Subject: [PATCH V2 1/2] nvme: split resetting state into reset_prepate and resetting

Currently, the ctrl->state will be changed to NVME_CTRL_RESETTING
before queue the reset work. This is not so strict. There could be
a big gap before the reset_work callback is invoked.

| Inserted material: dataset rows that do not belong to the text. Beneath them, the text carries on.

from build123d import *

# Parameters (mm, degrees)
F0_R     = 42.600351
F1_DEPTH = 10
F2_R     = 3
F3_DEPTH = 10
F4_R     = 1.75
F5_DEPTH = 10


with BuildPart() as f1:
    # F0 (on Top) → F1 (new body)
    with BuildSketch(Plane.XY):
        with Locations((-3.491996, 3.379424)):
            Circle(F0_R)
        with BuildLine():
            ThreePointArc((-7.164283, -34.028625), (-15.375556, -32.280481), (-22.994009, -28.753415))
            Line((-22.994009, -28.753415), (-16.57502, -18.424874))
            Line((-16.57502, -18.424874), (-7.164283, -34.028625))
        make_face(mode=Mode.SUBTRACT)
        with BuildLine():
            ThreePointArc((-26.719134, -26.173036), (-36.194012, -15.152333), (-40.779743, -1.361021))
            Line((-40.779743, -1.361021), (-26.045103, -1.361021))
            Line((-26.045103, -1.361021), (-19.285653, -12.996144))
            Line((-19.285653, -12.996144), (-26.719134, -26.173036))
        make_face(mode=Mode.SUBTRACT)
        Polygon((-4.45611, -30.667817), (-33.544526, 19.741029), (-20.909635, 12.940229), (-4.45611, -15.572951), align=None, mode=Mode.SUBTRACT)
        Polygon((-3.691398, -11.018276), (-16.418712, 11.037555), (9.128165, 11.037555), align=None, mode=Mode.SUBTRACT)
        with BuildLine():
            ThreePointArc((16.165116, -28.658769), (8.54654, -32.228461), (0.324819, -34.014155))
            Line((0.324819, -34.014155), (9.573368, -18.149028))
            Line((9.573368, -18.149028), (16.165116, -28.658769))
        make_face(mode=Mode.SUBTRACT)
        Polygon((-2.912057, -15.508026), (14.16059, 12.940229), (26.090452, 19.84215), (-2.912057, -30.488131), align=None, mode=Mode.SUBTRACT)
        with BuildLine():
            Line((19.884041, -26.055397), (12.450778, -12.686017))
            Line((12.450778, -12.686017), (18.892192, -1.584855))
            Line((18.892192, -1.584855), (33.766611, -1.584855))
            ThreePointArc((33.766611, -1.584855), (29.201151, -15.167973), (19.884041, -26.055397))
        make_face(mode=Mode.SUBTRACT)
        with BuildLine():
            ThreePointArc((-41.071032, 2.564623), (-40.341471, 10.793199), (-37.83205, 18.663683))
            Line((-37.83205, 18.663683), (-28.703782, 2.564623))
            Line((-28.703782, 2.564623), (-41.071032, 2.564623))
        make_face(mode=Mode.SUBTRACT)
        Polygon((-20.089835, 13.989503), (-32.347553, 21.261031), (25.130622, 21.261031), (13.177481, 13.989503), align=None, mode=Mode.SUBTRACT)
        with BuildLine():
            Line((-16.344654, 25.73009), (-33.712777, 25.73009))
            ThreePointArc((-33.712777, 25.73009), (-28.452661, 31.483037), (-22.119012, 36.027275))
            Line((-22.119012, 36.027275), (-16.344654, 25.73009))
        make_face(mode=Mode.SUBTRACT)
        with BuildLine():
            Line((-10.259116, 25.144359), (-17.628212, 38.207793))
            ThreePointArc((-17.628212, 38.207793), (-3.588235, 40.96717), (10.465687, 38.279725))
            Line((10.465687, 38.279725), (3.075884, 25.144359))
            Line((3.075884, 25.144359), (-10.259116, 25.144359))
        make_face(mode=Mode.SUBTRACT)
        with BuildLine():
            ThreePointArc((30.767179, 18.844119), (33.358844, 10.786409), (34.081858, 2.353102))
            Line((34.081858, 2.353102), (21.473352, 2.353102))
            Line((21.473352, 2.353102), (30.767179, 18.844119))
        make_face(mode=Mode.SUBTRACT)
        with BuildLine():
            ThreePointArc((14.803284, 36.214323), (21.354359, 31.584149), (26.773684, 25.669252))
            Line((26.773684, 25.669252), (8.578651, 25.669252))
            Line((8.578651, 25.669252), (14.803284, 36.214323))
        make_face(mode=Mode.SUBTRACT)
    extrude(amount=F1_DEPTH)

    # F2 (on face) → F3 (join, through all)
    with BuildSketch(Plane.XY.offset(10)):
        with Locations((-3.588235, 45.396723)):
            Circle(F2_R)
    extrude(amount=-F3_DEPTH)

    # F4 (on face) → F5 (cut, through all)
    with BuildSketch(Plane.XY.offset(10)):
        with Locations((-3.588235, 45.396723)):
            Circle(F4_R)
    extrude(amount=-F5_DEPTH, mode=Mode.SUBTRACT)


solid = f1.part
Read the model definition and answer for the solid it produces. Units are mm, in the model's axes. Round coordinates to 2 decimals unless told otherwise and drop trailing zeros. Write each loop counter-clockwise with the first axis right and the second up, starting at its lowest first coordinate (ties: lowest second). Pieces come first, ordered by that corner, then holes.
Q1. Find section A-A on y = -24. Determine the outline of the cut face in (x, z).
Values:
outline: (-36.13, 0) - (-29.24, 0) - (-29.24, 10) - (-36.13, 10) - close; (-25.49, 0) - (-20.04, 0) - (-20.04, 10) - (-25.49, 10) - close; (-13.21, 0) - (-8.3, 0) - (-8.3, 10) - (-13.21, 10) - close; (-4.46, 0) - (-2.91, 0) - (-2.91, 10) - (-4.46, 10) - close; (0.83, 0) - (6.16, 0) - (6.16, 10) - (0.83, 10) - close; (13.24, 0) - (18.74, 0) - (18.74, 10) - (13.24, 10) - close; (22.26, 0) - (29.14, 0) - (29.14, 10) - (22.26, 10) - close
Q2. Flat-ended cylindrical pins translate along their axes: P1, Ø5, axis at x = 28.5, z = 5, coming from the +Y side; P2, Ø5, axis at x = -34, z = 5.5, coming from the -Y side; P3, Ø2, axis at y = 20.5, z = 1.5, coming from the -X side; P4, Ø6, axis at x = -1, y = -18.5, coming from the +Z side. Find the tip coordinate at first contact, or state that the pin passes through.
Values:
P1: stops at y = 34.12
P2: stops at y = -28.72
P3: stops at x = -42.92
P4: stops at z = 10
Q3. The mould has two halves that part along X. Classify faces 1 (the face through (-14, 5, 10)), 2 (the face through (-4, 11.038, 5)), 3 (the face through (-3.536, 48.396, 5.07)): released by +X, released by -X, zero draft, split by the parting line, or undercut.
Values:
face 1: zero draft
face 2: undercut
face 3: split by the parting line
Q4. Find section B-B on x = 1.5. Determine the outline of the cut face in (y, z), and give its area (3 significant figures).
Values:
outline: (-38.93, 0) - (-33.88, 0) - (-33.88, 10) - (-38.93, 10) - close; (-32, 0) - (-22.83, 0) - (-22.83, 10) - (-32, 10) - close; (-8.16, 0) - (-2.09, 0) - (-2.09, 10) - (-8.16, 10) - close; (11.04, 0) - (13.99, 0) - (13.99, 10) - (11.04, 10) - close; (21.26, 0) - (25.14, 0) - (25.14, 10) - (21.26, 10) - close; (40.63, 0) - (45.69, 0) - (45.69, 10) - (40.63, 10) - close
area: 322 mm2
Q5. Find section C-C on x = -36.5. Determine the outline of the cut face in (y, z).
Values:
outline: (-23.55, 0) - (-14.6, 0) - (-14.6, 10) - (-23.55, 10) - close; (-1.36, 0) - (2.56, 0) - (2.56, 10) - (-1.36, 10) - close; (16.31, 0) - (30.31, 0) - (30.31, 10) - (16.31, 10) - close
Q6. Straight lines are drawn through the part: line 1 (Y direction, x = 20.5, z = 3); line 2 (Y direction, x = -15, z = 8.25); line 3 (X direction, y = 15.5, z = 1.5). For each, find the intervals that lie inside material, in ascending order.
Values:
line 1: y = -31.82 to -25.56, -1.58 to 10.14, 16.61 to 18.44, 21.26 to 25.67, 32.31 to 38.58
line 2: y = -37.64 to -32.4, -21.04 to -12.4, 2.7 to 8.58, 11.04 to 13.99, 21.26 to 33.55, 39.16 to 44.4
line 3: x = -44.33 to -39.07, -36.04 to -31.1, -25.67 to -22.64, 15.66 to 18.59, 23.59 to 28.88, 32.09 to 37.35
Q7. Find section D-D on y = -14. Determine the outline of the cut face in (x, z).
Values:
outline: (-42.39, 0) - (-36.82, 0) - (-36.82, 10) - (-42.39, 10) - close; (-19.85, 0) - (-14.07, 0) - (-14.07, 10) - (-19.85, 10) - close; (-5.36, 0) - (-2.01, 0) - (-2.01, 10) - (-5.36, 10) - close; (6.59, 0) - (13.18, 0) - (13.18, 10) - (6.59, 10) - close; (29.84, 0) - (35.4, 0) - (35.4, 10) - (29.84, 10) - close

In addition,
there is some disable work in the reset_work callback, strictly
speaking, not part of reset work, and could lead to some confusion.

This patch splits the NVME_CTRL_RESETTING into NVME_CTRL_RESET_PREPARE
and NVME_CTRL_RESETTING. Before queue the reset work, changes state
to NVME_CTRL_RESET_PREPARE, after disable work completes, changes
state to NVME_CTRL_RESETTING.

Suggested-by: Christoph Hellwig <[email protected]>
Signed-off-by: Jianchao Wang <[email protected]>
---
drivers/nvme/host/core.c | 17 +++++++++++++++--
drivers/nvme/host/fc.c | 2 ++
drivers/nvme/host/nvme.h | 1 +
drivers/nvme/host/pci.c | 28 ++++++++++++++++++++++------
drivers/nvme/host/rdma.c | 8 ++++++++
drivers/nvme/target/loop.c | 5 +++++
6 files changed, 53 insertions(+), 8 deletions(-)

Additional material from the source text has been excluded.